Inherent Vice commence par une histoire classique de polar. Un privé désabusé retombe sur une femme fatale qu'il a connue dans le passé. Elle lui révèle un projet d'enlèvement contre son Jules actuel, un magnat de l'immobilier. Une machination ourdie par sa femme et son amant, l'argent et le sexe comme d'habitude, et comme cela se passe à L.A., une sombre affaire impliquant urbanisme et drogue est aussi au menu !
Cependant, le côté classique du film s'arrête là, car l'histoire se déroule en 1970 avec son ambiance psychédélique, et provient de l'esprit très particulier du romancier Thomas Pynchon, connu pour son œuvre dense et complexe. Cette enquête n'est d'ailleurs qu'un prétexte pour nous montrer la fin du Flower Power. Nous sommes au moment où l'Amérique insouciante des années 60 se réveille avec la gueule de bois. Une vague de paranoïa s'abat sur le pays avec les événements liés à Charles Manson ou à la mort de Martin Luther King. Tout le monde voit des complots partout et l'utopie hippie se brise sur le mur de la réalité, avec le retour des conservateurs, sa transformation en « machine à fric », et ses propres excès.

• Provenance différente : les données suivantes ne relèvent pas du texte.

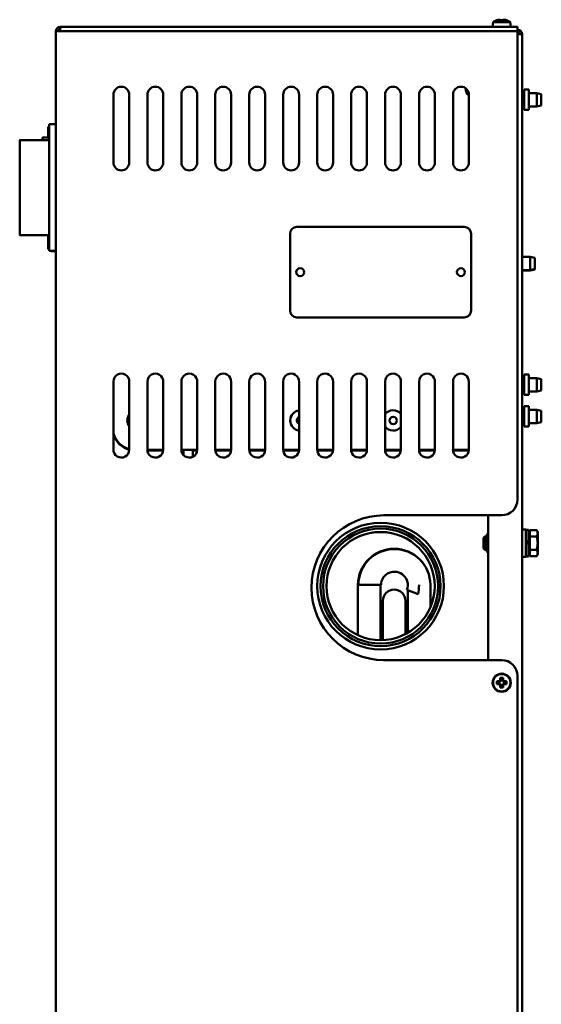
# Model space of a CAD drawing. Header units: millimetres. Extents: x 650 to 2567, y 247 to 2053.
# Tile 2 of 7: x 650 to 880, y 1150 to 1585. Entities that reach past the tile are written whole.
import ezdxf

# ---------------------------------------------------------------- set-up
doc = ezdxf.new("R2010")
doc.units = ezdxf.units.MM
doc.header["$LTSCALE"] = 7.692308
doc.layers.add('Видимый контур (ГОСТ)', color=7, linetype='Continuous', lineweight=50)

msp = doc.modelspace()

# ---------------------------------------------------------------- linework, layer by layer
at = {"layer": 'Видимый контур (ГОСТ)'}
for p, q in [((860.59, 1585.18), (860.57, 1585.21)), ((861.98, 1585.18), (861.98, 1585.42)), ((863.35, 1585.42), (863.35, 1585.18)), ((864.76, 1585.21), (864.75, 1585.18)), ((665.67, 764.31), (665.67, 1580.31)), ((665.67, 1580.31), (667.67, 1580.31)), ((667.67, 1582.31), (869.67, 1582.31)), ((667.67, 1582.31), (667.67, 1580.31)), ((869.67, 1580.31), (667.67, 1580.31)), ((858.84, 1584.31), (858.67, 1582.31)), ((858.84, 1584.31), (866.49, 1584.31)), ((866.49, 1584.31), (866.67, 1582.31)), ((869.67, 1580.31), (869.67, 1582.31)), ((869.67, 1580.31), (869.67, 1373.31)), ((871.67, 1579.01), (869.67, 1579.01)), ((871.67, 1579.01), (871.67, 767.01)), ((846.67, 1555.01), (846.67, 1555.18)), ((872.67, 1554.51), (872.67, 1545.51)), ((874.67, 1554.51), (872.67, 1554.51)), ((874.67, 1545.51), (874.67, 1554.51)), ((691.17, 1522.31), (691.17, 1552.31)), ((698.17, 1552.31), (698.17, 1522.31)), ((706.17, 1522.31), (706.17, 1552.31)), ((713.17, 1552.31), (713.17, 1522.31)), ((721.17, 1522.31), (721.17, 1552.31)), ((728.17, 1552.31), (728.17, 1522.31)), ((736.17, 1522.31), (736.17, 1552.31)), ((743.17, 1552.31), (743.17, 1522.31)), ((751.17, 1522.31), (751.17, 1552.31)), ((758.17, 1552.31), (758.17, 1522.31)), ((766.17, 1522.31), (766.17, 1552.31)), ((773.17, 1552.31), (773.17, 1522.31)), ((781.17, 1522.31), (781.17, 1552.31)), ((788.17, 1552.31), (788.17, 1522.31)), ((796.17, 1522.31), (796.17, 1552.31)), ((803.17, 1552.31), (803.17, 1522.31)), ((811.17, 1522.31), (811.17, 1552.31)), ((818.17, 1552.31), (818.17, 1522.31)), ((826.17, 1522.31), (826.17, 1552.31)), ((833.17, 1552.31), (833.17, 1522.31)), ((841.17, 1522.31), (841.17, 1552.31)), ((848.17, 1552.31), (848.17, 1522.31)), ((872.67, 1552.96), (871.67, 1552.96)), ((878.17, 1552.96), (874.67, 1552.96)), ((878.17, 1547.06), (878.17, 1552.96)), ((880.17, 1552.46), (878.17, 1552.96)), ((880.17, 1552.46), (880.17, 1547.56)), ((872.67, 1547.06), (871.67, 1547.06)), ((874.67, 1545.51), (872.67, 1545.51)), ((878.17, 1547.06), (874.67, 1547.06)), ((880.17, 1547.56), (878.17, 1547.06)), ((662.27, 1533.41), (662.27, 1537.04)), ((662.77, 1539.2), (662.77, 1483.2)), ((665.67, 1539.2), (662.77, 1539.2)), ((659.77, 1533.41), (659.77, 1532.2)), ((662.77, 1533.41), (659.77, 1533.41)), ((649.77, 1532.2), (649.77, 1490.2)), ((662.77, 1532.2), (649.77, 1532.2)), ((772.17, 1493.81), (846.17, 1493.81)), ((662.77, 1490.2), (649.77, 1490.2)), ((662.27, 1485.04), (662.27, 1490.2)), ((769.17, 1456.81), (769.17, 1490.81)), ((849.17, 1490.81), (849.17, 1456.81)), ((665.67, 1483.2), (662.77, 1483.2)), ((665.67, 1483.04), (664.27, 1483.04)), ((871.77, 1482.21), (871.67, 1482.21)), ((871.77, 1473.21), (871.77, 1482.21)), ((875.27, 1480.66), (871.77, 1480.66)), ((875.27, 1474.76), (875.27, 1480.66)), ((877.27, 1480.16), (875.27, 1480.66)), ((877.27, 1480.16), (877.27, 1475.26)), ((871.77, 1473.21), (871.67, 1473.21)), ((871.77, 1473.11), (871.67, 1473.11)), ((871.77, 1473.01), (871.67, 1473.01)), ((875.27, 1474.76), (871.77, 1474.76)), ((875.27, 1474.66), (871.77, 1474.66)), ((875.27, 1474.56), (871.77, 1474.56)), ((871.77, 1473.11), (871.77, 1473.21)), ((871.77, 1473.01), (871.77, 1473.11)), ((877.27, 1475.26), (875.27, 1474.76)), ((877.27, 1475.16), (875.27, 1474.66)), ((877.27, 1475.06), (875.27, 1474.56)), ((875.27, 1474.66), (875.27, 1474.76)), ((875.27, 1474.56), (875.27, 1474.66)), ((877.27, 1475.26), (877.27, 1475.16)), ((877.27, 1475.16), (877.27, 1475.06)), ((846.17, 1453.81), (772.17, 1453.81)), ((872.67, 1428.51), (872.67, 1419.51)), ((874.67, 1428.51), (872.67, 1428.51)), ((874.67, 1419.51), (874.67, 1428.51)), ((691.17, 1395.47), (691.17, 1425.47)), ((698.16, 1425.31), (698.16, 1395.31)), ((706.17, 1395.47), (706.17, 1425.47)), ((713.16, 1425.31), (713.16, 1395.31)), ((721.17, 1395.47), (721.17, 1425.47)), ((728.16, 1425.31), (728.16, 1395.31)), ((736.17, 1395.47), (736.17, 1425.47)), ((743.16, 1425.31), (743.16, 1395.31)), ((751.17, 1395.47), (751.17, 1425.47)), ((758.16, 1425.31), (758.16, 1395.31)), ((766.17, 1395.47), (766.17, 1425.47)), ((773.16, 1425.31), (773.16, 1395.31)), ((781.17, 1395.47), (781.17, 1425.47)), ((788.16, 1425.31), (788.16, 1395.31)), ((796.17, 1395.47), (796.17, 1425.47)), ((803.16, 1425.31), (803.16, 1395.31)), ((811.17, 1395.47), (811.17, 1425.47)), ((818.16, 1425.31), (818.16, 1395.31)), ((826.17, 1395.47), (826.17, 1425.47)), ((833.16, 1425.31), (833.16, 1395.31)), ((841.17, 1395.47), (841.17, 1425.47)), ((848.16, 1425.31), (848.16, 1395.31)), ((872.67, 1426.96), (871.67, 1426.96)), ((878.17, 1426.96), (874.67, 1426.96)), ((878.17, 1421.06), (878.17, 1426.96)), ((880.17, 1426.46), (878.17, 1426.96)), ((880.17, 1426.46), (880.17, 1421.56)), ((872.67, 1421.06), (871.67, 1421.06)), ((874.67, 1419.51), (872.67, 1419.51)), ((878.17, 1421.06), (874.67, 1421.06)), ((880.17, 1421.56), (878.17, 1421.06)), ((872.67, 1412.96), (871.67, 1412.96)), ((872.67, 1414.51), (872.67, 1405.51)), ((874.67, 1414.51), (872.67, 1414.51)), ((874.67, 1405.51), (874.67, 1414.51)), ((878.17, 1412.96), (874.67, 1412.96)), ((878.17, 1407.06), (878.17, 1412.96)), ((880.17, 1412.46), (878.17, 1412.96)), ((880.17, 1412.46), (880.17, 1407.56)), ((697.27, 1408.26), (697.27, 1408.26)), ((706.27, 1408.26), (706.27, 1408.26)), ((769.27, 1408.26), (769.27, 1408.26)), ((872.67, 1407.06), (871.67, 1407.06)), ((878.17, 1407.06), (874.67, 1407.06)), ((880.17, 1407.56), (878.17, 1407.06)), ((874.67, 1405.51), (872.67, 1405.51)), ((713.15, 1394.99), (706.18, 1394.99)), ((713.16, 1395.25), (709.77, 1395.25)), ((709.77, 1394.99), (713.15, 1394.99)), ((728.16, 1395.25), (721.16, 1395.25)), ((721.18, 1394.99), (722.17, 1394.99)), ((722.17, 1394.99), (721.18, 1394.99)), ((722.17, 1395.25), (722.17, 1392.86)), ((726.17, 1395.25), (726.17, 1392.15)), ((726.17, 1394.99), (728.15, 1394.99)), ((728.15, 1394.99), (726.17, 1394.99)), ((743.16, 1395.25), (736.16, 1395.25)), ((736.18, 1394.99), (743.15, 1394.99)), ((743.15, 1394.99), (736.18, 1394.99)), ((758.16, 1395.25), (751.16, 1395.25)), ((751.18, 1394.99), (758.15, 1394.99)), ((758.15, 1394.99), (751.18, 1394.99)), ((773.16, 1395.25), (766.16, 1395.25)), ((766.18, 1394.99), (773.15, 1394.99)), ((773.15, 1394.99), (766.18, 1394.99)), ((788.16, 1395.25), (781.16, 1395.25)), ((781.18, 1394.99), (788.15, 1394.99)), ((788.15, 1394.99), (781.18, 1394.99)), ((803.16, 1395.25), (796.16, 1395.25)), ((796.18, 1394.99), (803.15, 1394.99)), ((803.15, 1394.99), (796.18, 1394.99)), ((818.16, 1395.25), (811.16, 1395.25)), ((811.18, 1394.99), (818.15, 1394.99)), ((818.15, 1394.99), (811.18, 1394.99)), ((833.16, 1395.25), (826.16, 1395.25)), ((826.18, 1394.99), (833.15, 1394.99)), ((833.15, 1394.99), (826.18, 1394.99)), ((848.16, 1395.25), (841.16, 1395.25)), ((841.18, 1394.99), (848.15, 1394.99)), ((848.15, 1394.99), (841.18, 1394.99)), ((810.67, 1366.31), (862.67, 1366.31)), ((856.67, 1302.31), (856.67, 1366.31)), ((856.17, 1357.76), (856.67, 1358.26)), ((873.27, 1360.01), (871.67, 1360.01)), ((873.27, 1348.01), (873.27, 1360.01)), ((873.27, 1359.91), (874.57, 1359.91)), ((874.57, 1359.91), (874.57, 1355.02)), ((875.07, 1358.36), (874.57, 1358.36)), ((875.07, 1359.78), (878.12, 1359.78)), ((875.07, 1356.9), (875.07, 1359.78)), ((878.57, 1359.01), (878.12, 1359.78)), ((878.57, 1358.34), (878.57, 1359.01)), ((878.57, 1354.01), (878.57, 1358.34)), ((854.57, 1356.4), (855.18, 1357.01)), ((854.57, 1351.62), (854.57, 1356.4)), ((855.18, 1357.01), (855.18, 1351.01)), ((856.17, 1357.01), (855.18, 1357.01)), ((856.17, 1357.76), (856.17, 1350.26)), ((874.57, 1355.02), (873.27, 1354.27)), ((873.27, 1353.75), (874.57, 1354.5)), ((874.57, 1355.02), (874.57, 1354.5)), ((874.57, 1354.5), (874.57, 1348.11)), ((875.07, 1356.9), (878.12, 1356.9)), ((875.07, 1351.12), (875.07, 1356.9)), ((878.57, 1349.68), (878.57, 1354.01)), ((854.57, 1351.62), (855.18, 1351.01)), ((856.17, 1351.01), (855.18, 1351.01)), ((856.17, 1350.26), (856.67, 1349.76)), ((875.07, 1349.66), (874.57, 1349.66)), ((875.07, 1351.12), (878.12, 1351.12)), ((875.07, 1348.24), (875.07, 1351.12)), ((878.57, 1349.01), (878.57, 1349.68)), ((873.27, 1348.01), (871.67, 1348.01)), ((873.27, 1348.11), (874.57, 1348.11)), ((875.07, 1348.24), (878.12, 1348.24)), ((878.57, 1349.01), (878.12, 1348.24)), ((804.28, 1335.51), (799.17, 1335.51)), ((799.17, 1335.51), (799.17, 1313.3)), ((809.4, 1335.51), (804.28, 1335.51)), ((809.17, 1335.51), (809.17, 1311.11)), ((820.78, 1333.41), (825.79, 1331.49)), ((821.17, 1333.26), (821.17, 1314.34)), ((831.17, 1335.51), (831.17, 1325.67)), ((810.17, 1328.51), (810.17, 1315.51)), ((820.17, 1315.51), (820.17, 1328.51)), ((810.17, 1315.51), (810.17, 1311.13)), ((820.17, 1315.51), (820.17, 1313.79)), ((862.67, 1302.31), (810.67, 1302.31)), ((860.59, 1293), (861.5, 1293)), ((861.5, 1293), (861.98, 1293.47)), ((862.28, 1293.35), (861.63, 1292.7)), ((861.98, 1293.47), (861.98, 1294.39)), ((863.17, 1293.23), (862.16, 1293.23)), ((862.28, 1294.25), (862.28, 1293.35)), ((862.28, 1293.35), (862.28, 1293.35)), ((863.05, 1293.35), (863.05, 1294.25)), ((863.7, 1292.7), (863.05, 1293.35)), ((863.05, 1293.35), (863.05, 1293.35)), ((863.35, 1294.39), (863.35, 1293.47)), ((863.35, 1293.47), (863.83, 1293)), ((863.83, 1293), (864.75, 1293)), ((869.67, 1295.31), (869.67, 764.31)), ((861.5, 1291.62), (860.59, 1291.62)), ((861.63, 1292.69), (860.73, 1292.69)), ((860.73, 1291.93), (861.63, 1291.93)), ((861.98, 1291.15), (861.5, 1291.62)), ((861.63, 1292.7), (861.63, 1292.69)), ((861.63, 1291.92), (861.63, 1291.93)), ((861.63, 1291.92), (862.28, 1291.27)), ((861.75, 1292.81), (861.75, 1291.81)), ((861.98, 1290.23), (861.98, 1291.15)), ((862.16, 1291.39), (863.17, 1291.39)), ((862.28, 1291.27), (862.28, 1290.37)), ((862.28, 1291.27), (862.28, 1291.27)), ((863.05, 1291.27), (863.7, 1291.92)), ((863.05, 1290.37), (863.05, 1291.27)), ((863.05, 1291.27), (863.05, 1291.27)), ((863.83, 1291.62), (863.35, 1291.15)), ((863.35, 1291.15), (863.35, 1290.23)), ((863.59, 1291.81), (863.59, 1292.81)), ((863.7, 1292.7), (863.71, 1292.69)), ((863.7, 1291.92), (863.71, 1291.93)), ((864.6, 1292.69), (863.71, 1292.69)), ((863.71, 1291.93), (864.6, 1291.93)), ((864.75, 1291.62), (863.83, 1291.62))]:
    msp.add_line(p, q, dxfattribs=at)
for centre, radius in [((773.67, 1473.81), 1.75), ((844.67, 1473.81), 1.75), ((814.77, 1408.26), 1.62), ((809.17, 1335.01), 28), ((809.17, 1335.01), 26.5), ((809.17, 1335.01), 25.4), ((809.17, 1335.01), 23.9), ((862.67, 1292.31), 4), ((862.67, 1292.31), 3.83)]:
    msp.add_circle(centre, radius, dxfattribs=at)
for centre, radius, start, end in [((862.67, 1579.08), 6.48, 108.9032, 126.1943), ((862.67, 1579.08), 6.44, 100.3893, 108.8392), ((862.67, 1579.08), 6.44, 71.1608, 79.6107), ((862.67, 1579.08), 6.48, 53.8057, 71.0968), ((667.67, 1580.31), 2, 90, 180), ((667.67, 1580.31), 1, 90, 180), ((869.67, 1579.01), 2, 0, 90), ((869.67, 1579.01), 1, 0, 90), ((694.67, 1552.31), 3.5, 0, 180), ((709.67, 1552.31), 3.5, 0, 180), ((724.67, 1552.31), 3.5, 0, 180), ((739.67, 1552.31), 3.5, 0, 180), ((754.67, 1552.31), 3.5, 0, 180), ((769.67, 1552.31), 3.5, 0, 180), ((784.67, 1552.31), 3.5, 0, 180), ((799.67, 1552.31), 3.5, 0, 180), ((814.67, 1552.31), 3.5, 0, 180), ((829.67, 1552.31), 3.5, 0, 180), ((844.67, 1552.31), 3.5, 0, 180), ((850.67, 1555.01), 4, 180, 231.3178), ((664.27, 1537.04), 2, 138.5904, 180), ((649.77, 1532.2), 0.00002, 90, 171.3085), ((694.67, 1522.31), 3.5, 180, 0), ((709.67, 1522.31), 3.5, 180, 0), ((724.67, 1522.31), 3.5, 180, 0), ((739.67, 1522.31), 3.5, 180, 0), ((754.67, 1522.31), 3.5, 180, 0), ((769.67, 1522.31), 3.5, 180, 0), ((784.67, 1522.31), 3.5, 180, 0), ((799.67, 1522.31), 3.5, 180, 0), ((814.67, 1522.31), 3.5, 180, 0), ((829.67, 1522.31), 3.5, 180, 0), ((844.67, 1522.31), 3.5, 180, 0), ((772.17, 1490.81), 3, 90, 180), ((846.17, 1490.81), 3, 0, 90), ((649.77, 1490.2), 0.00002, 188.6915, 270), ((664.27, 1485.04), 2, 180, 221.4096), ((664.27, 1485.04), 2, 246.595, 270), ((772.17, 1456.81), 3, 180, 270), ((846.17, 1456.81), 3, 270, 0), ((694.67, 1425.47), 3.5, 357.4286, 180), ((709.67, 1425.47), 3.5, 357.4286, 180), ((724.67, 1425.47), 3.5, 357.4286, 180), ((739.67, 1425.47), 3.5, 357.4286, 180), ((754.67, 1425.47), 3.5, 357.4286, 180), ((769.67, 1425.47), 3.5, 357.4286, 180), ((784.67, 1425.47), 3.5, 357.4286, 180), ((799.67, 1425.47), 3.5, 357.4286, 180), ((814.67, 1425.47), 3.5, 357.4286, 180), ((829.67, 1425.47), 3.5, 357.4286, 180), ((844.67, 1425.47), 3.5, 357.4286, 180), ((701.77, 1408.26), 4.5, 143.205, 216.7951), ((814.77, 1408.26), 4.5, 40.9945, 143.1301), ((701.77, 1408.26), 4.5, 180, 216.795), ((773.77, 1408.26), 1.62, 111.8585, 248.1415), ((814.77, 1408.25), 1.62, 0.1484, 179.8516), ((814.77, 1408.26), 4.5, 216.8699, 319.0055), ((814.77, 1408.26), 4.5, 216.8699, 319.0055), ((694.66, 1395.31), 3.5, 177.4286, 0), ((709.66, 1395.31), 3.5, 177.4286, 0), ((724.66, 1395.31), 3.5, 177.4286, 0), ((739.66, 1395.31), 3.5, 177.4286, 0), ((754.66, 1395.31), 3.5, 177.4286, 0), ((769.66, 1395.31), 3.5, 177.4286, 0), ((784.66, 1395.31), 3.5, 177.4286, 0), ((799.66, 1395.31), 3.5, 177.4286, 0), ((814.66, 1395.31), 3.5, 177.4286, 0), ((829.66, 1395.31), 3.5, 177.4286, 0), ((844.66, 1395.31), 3.5, 177.4286, 0), ((862.67, 1373.31), 7, 270, 0), ((810.67, 1334.31), 32, 90, 270), ((815.17, 1335.51), 16, 0, 180), ((815.28, 1335.51), 15.88, 0, 180), ((815.28, 1335.51), 5.88, 339.0766, 180), ((815.17, 1328.51), 5, 0, 180), ((862.67, 1295.31), 7, 0, 90)]:
    msp.add_arc(centre, radius, start, end, dxfattribs=at)
for centre, major_axis, ratio, start_param, end_param in [((861.74, 1579.08), (0, 6.34), 0.707107, 6.230463, 6.335907), ((862.67, 1579.7), (6.36, 0), 0.866186, 1.462241, 1.679352), ((863.59, 1579.08), (0, 6.34), 0.707107, 6.230463, 6.335907), ((773.77, 1408.26), (-4.46, -0.6), 1, 4.712389, 7.584938), ((701.77, 1408.26), (4.4, -0.94), 1, 0, 0.422422), ((701.77, 1408.26), (4.5, 0), 1, 6.071974, 6.283185), ((773.77, 1408.26), (-4.46, 0.6), 1, 0.134522, 1.570796), ((700.77, 1405.26), (-10, 0), 1, 0.283794, 1.307409), ((700.77, 1405.26), (-10, 0), 1, 0.283794, 1.307409), ((700.77, 1404.99), (-10, 0), 1, 0.283794, 1.307409), ((700.77, 1404.98), (-10, 0), 1, 0.283794, 1.307409), ((709.77, 1395.26), (-9, 0), 0.000857, 1.158915, 1.570796), ((709.77, 1394.99), (9, 0), 0.000857, 1.570796, 1.980998), ((718.77, 1395.25), (2.5, 0), 0.000857, 5.995075, 6.571323), ((718.77, 1394.99), (2.5, 0), 0.000857, 6.015789, 6.550738), ((818.77, 1395.25), (-2.5, 0), 0.000857, 4.956387, 7.609955), ((818.77, 1394.99), (-2.5, 0), 0.000857, 4.962163, 7.604051), ((863.74, 1292.31), (0, -6.36), 0.499722, 4.603833, 4.820944), ((862.67, 1291.23), (-6.36, 0), 0.499722, 4.603833, 4.820944), ((861.59, 1292.31), (0, 6.36), 0.499722, 4.603833, 4.820944), ((862.67, 1293.39), (6.36, 0), 0.499722, 4.603833, 4.820944)]:
    msp.add_ellipse(centre, major_axis=major_axis, ratio=ratio, start_param=start_param, end_param=end_param, dxfattribs=at)
for points in [[(861.98, 1585.42), (862.06, 1585.35), (862.15, 1585.27), (862.23, 1585.2)], [(863.35, 1585.42), (863.27, 1585.35), (863.18, 1585.27), (863.1, 1585.2)], [(861.5, 1293), (861.55, 1292.9), (861.59, 1292.8), (861.63, 1292.7)], [(861.98, 1293.47), (862.08, 1293.43), (862.18, 1293.39), (862.28, 1293.35)], [(863.35, 1293.47), (863.25, 1293.43), (863.15, 1293.39), (863.05, 1293.35)], [(863.83, 1293), (863.79, 1292.9), (863.74, 1292.8), (863.7, 1292.7)], [(861.5, 1291.62), (861.55, 1291.72), (861.59, 1291.82), (861.63, 1291.92)], [(861.98, 1291.15), (862.08, 1291.19), (862.18, 1291.23), (862.28, 1291.27)], [(863.35, 1291.15), (863.25, 1291.19), (863.15, 1291.23), (863.05, 1291.27)], [(863.83, 1291.62), (863.79, 1291.72), (863.74, 1291.82), (863.7, 1291.92)]]:
    msp.add_open_spline(points, degree=3, dxfattribs=at)
for points, weights in [([(878.57, 1358.34), (878.57, 1359.01), (878.12, 1359.78)], [1, 1.0379548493, 1]), ([(878.12, 1356.9), (878.57, 1357.67), (878.57, 1358.34)], [1, 1.0379548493, 1]), ([(878.57, 1354.01), (878.57, 1355.35), (878.12, 1356.9)], [1, 1.0379548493, 1]), ([(878.12, 1351.12), (878.57, 1352.67), (878.57, 1354.01)], [1, 1.0379548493, 1]), ([(878.57, 1349.68), (878.57, 1350.35), (878.12, 1351.12)], [1, 1.0379548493, 1]), ([(878.12, 1348.24), (878.57, 1349.01), (878.57, 1349.68)], [1, 1.0379548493, 1]), ([(860.73, 1292.69), (860.66, 1292.84), (860.59, 1293)], [1, 1.00025945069, 1]), ([(861.98, 1294.39), (862.13, 1294.32), (862.28, 1294.25)], [1, 1.00025945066, 1]), ([(863.05, 1294.25), (863.2, 1294.32), (863.35, 1294.39)], [1, 1.00025945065, 1]), ([(864.75, 1293), (864.67, 1292.84), (864.6, 1292.69)], [1, 1.00025945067, 1]), ([(860.59, 1291.62), (860.66, 1291.78), (860.73, 1291.93)], [1, 1.00025945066, 1]), ([(862.28, 1290.37), (862.13, 1290.3), (861.98, 1290.23)], [1, 1.00025945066, 1]), ([(863.35, 1290.23), (863.2, 1290.3), (863.05, 1290.37)], [1, 1.00025945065, 1]), ([(864.6, 1291.93), (864.67, 1291.78), (864.75, 1291.62)], [1, 1.00025945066, 1])]:
    msp.add_rational_spline(points, weights, degree=2, dxfattribs=at)
msp.add_open_spline([(826.17, 1335.51), (826.17, 1335.5), (826.17, 1335.48), (826.16, 1334.03), (826.02, 1332.7), (825.79, 1331.49)], degree=3, knots=[-0.0038748, -0.0038748, -0.0038748, -0.0038748, 0, 0, 0.4331826, 0.4331826, 0.4331826, 0.4331826], dxfattribs=at)

doc.saveas('drawing.dxf')

Dès lors, Inherent Vice est avant tout une oeuvre ésotérique. Chaque personnage, joué par une magnifique galerie d'acteurs, et mention spéciale à Joaquin Phoenix et Josh Brolin qui portent le film, représente une facette de l'époque. On a le hippie souhaitant faire survivre ses idéaux, le patriote américain recherchant le respect perdu, ou le jeune idéaliste piégé dans la drogue et les cabales politiques. Mais les allégories les plus intéressantes restent la femme fatale, représentant le « vice propre » de toute entreprise humaine, et le personnage du promoteur immobilier, incarnation des dérives de la contre-culture et de sa conversion plus tard au libéralisme. Tous ces personnages se retrouvent alors dans cette histoire à tiroirs compliquée et brumeuse, à l'image de notre héros drogué et paumé dans le brouillard de L.A..
Paul Thomas Anderson nous propulse donc dans cette œuvre déroutante, filmant ce trip de façon réaliste, à l'inverse du baroque Las Vegas Parano, traitant aussi de la fin de la contre-culture. Tout au long du film, nous nous demandons si ce que nous voyons est bien réel, ou bien les bouffées hallucinatoires provoquées par cette période trouble. L'exercice est difficile, et explique en quoi Inherent Vice est typiquement un film, qu'on peut soit apprécier, soit détester. Certains rentreront dans cette défonce, d'autres non, ça ne se commande pas.
Finalement à la sortie de ce trip, si Paul Thomas Anderson nous restitue très bien l'atmosphère psychédélique et paranoïaque de 1970, il se perd avec un film qui n'en finit pas en digressions et en conclusions. On reste malheureusement ainsi sur sa faim, avec une dernière partie bien trop longue et qui tombe à plat. Dommage, pour ce qui aurait pu être un excellent mélange entre Chinatown et Las Vegas Parano, puis qui fait aussi écho à notre époque.